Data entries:
=-=-=-=-=

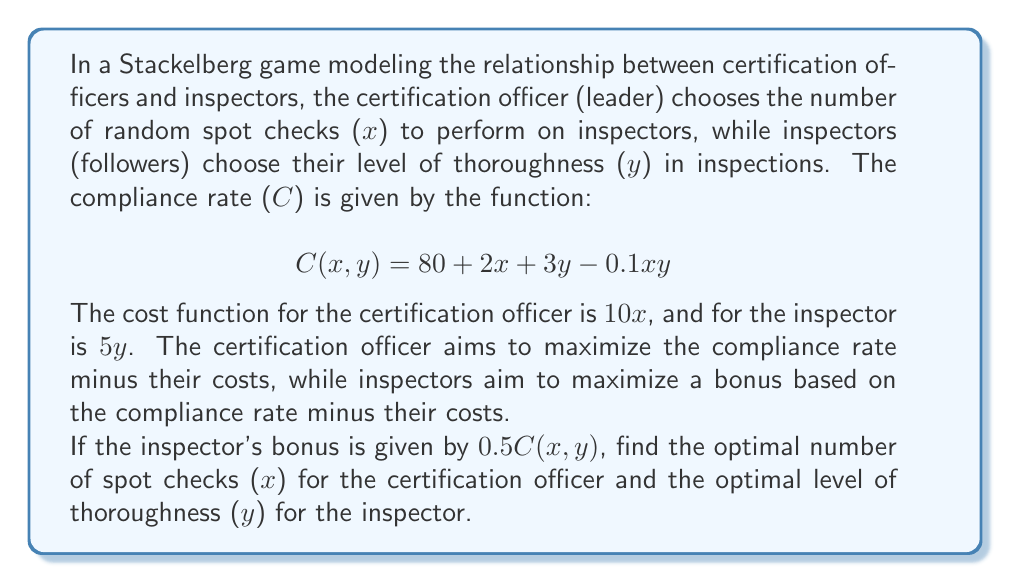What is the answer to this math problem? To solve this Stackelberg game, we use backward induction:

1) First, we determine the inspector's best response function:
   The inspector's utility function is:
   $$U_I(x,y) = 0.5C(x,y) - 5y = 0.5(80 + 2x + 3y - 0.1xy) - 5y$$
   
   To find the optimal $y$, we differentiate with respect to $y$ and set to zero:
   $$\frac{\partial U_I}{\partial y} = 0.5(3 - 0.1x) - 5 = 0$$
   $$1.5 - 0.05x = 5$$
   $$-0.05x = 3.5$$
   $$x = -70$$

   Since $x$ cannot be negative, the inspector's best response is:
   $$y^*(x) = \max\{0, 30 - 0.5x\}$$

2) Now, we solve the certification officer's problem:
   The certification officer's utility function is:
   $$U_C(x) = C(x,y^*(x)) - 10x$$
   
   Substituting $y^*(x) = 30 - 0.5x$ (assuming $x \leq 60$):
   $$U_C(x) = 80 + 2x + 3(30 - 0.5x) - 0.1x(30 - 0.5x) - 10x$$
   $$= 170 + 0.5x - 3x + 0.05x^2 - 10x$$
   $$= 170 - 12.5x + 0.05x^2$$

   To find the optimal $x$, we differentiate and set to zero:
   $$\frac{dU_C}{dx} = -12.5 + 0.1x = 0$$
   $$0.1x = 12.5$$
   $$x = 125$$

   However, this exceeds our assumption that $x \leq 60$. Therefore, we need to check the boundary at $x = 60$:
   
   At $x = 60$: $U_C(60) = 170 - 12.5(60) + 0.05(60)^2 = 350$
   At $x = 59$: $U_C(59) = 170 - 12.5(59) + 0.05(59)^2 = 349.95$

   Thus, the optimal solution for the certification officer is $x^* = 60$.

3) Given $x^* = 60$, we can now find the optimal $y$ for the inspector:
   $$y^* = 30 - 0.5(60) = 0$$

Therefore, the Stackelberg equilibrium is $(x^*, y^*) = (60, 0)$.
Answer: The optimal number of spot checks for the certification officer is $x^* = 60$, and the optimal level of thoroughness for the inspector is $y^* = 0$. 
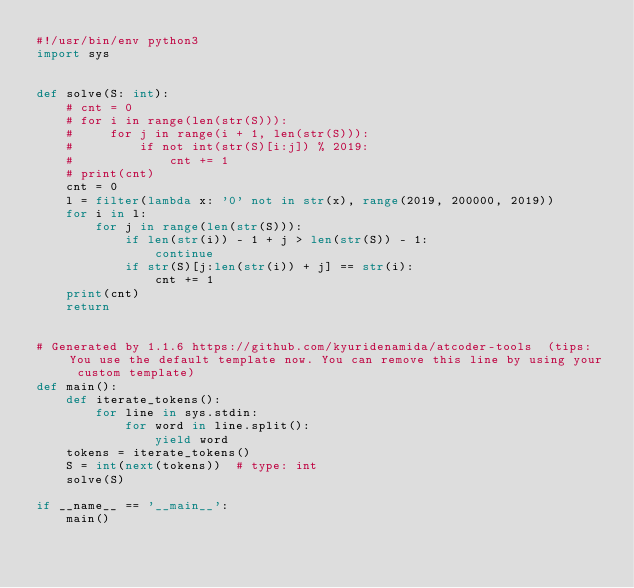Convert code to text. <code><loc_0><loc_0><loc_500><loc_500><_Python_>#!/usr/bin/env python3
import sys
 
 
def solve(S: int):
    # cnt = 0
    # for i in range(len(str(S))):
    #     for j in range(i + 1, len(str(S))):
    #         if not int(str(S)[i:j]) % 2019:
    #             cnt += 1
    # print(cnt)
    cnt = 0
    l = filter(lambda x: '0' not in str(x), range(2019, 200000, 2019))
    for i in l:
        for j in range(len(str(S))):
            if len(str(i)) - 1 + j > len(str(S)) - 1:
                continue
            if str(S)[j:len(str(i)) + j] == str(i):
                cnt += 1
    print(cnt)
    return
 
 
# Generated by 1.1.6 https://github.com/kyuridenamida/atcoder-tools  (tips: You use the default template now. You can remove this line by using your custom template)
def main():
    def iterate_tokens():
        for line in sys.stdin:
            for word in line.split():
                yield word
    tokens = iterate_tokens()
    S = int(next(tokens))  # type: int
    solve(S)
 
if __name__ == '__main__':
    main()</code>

=-=-=-=-=

PROBLEM TO WORK ON>
Return, exactly as they stand, the lines above from the one with "0.1xy) - 5y$$" to the one with "if str(S)[j:len(str(i)) +", omitting any pictures among them.

EXERCISE SOLUTION>
   $$U_I(x,y) = 0.5C(x,y) - 5y = 0.5(80 + 2x + 3y - 0.1xy) - 5y$$
   
   To find the optimal $y$, we differentiate with respect to $y$ and set to zero:
   $$\frac{\partial U_I}{\partial y} = 0.5(3 - 0.1x) - 5 = 0$$
   $$1.5 - 0.05x = 5$$
   $$-0.05x = 3.5$$
   $$x = -70$$

   Since $x$ cannot be negative, the inspector's best response is:
   $$y^*(x) = \max\{0, 30 - 0.5x\}$$

2) Now, we solve the certification officer's problem:
   The certification officer's utility function is:
   $$U_C(x) = C(x,y^*(x)) - 10x$$
   
   Substituting $y^*(x) = 30 - 0.5x$ (assuming $x \leq 60$):
   $$U_C(x) = 80 + 2x + 3(30 - 0.5x) - 0.1x(30 - 0.5x) - 10x$$
   $$= 170 + 0.5x - 3x + 0.05x^2 - 10x$$
   $$= 170 - 12.5x + 0.05x^2$$

   To find the optimal $x$, we differentiate and set to zero:
   $$\frac{dU_C}{dx} = -12.5 + 0.1x = 0$$
   $$0.1x = 12.5$$
   $$x = 125$$

   However, this exceeds our assumption that $x \leq 60$. Therefore, we need to check the boundary at $x = 60$:
   
   At $x = 60$: $U_C(60) = 170 - 12.5(60) + 0.05(60)^2 = 350$
   At $x = 59$: $U_C(59) = 170 - 12.5(59) + 0.05(59)^2 = 349.95$

   Thus, the optimal solution for the certification officer is $x^* = 60$.

3) Given $x^* = 60$, we can now find the optimal $y$ for the inspector:
   $$y^* = 30 - 0.5(60) = 0$$

Therefore, the Stackelberg equilibrium is $(x^*, y^*) = (60, 0)$.
Answer: The optimal number of spot checks for the certification officer is $x^* = 60$, and the optimal level of thoroughness for the inspector is $y^* = 0$. 
Convert code to text. <code><loc_0><loc_0><loc_500><loc_500><_Python_>#!/usr/bin/env python3
import sys
 
 
def solve(S: int):
    # cnt = 0
    # for i in range(len(str(S))):
    #     for j in range(i + 1, len(str(S))):
    #         if not int(str(S)[i:j]) % 2019:
    #             cnt += 1
    # print(cnt)
    cnt = 0
    l = filter(lambda x: '0' not in str(x), range(2019, 200000, 2019))
    for i in l:
        for j in range(len(str(S))):
            if len(str(i)) - 1 + j > len(str(S)) - 1:
                continue
            if str(S)[j:len(str(i)) + j] == str(i):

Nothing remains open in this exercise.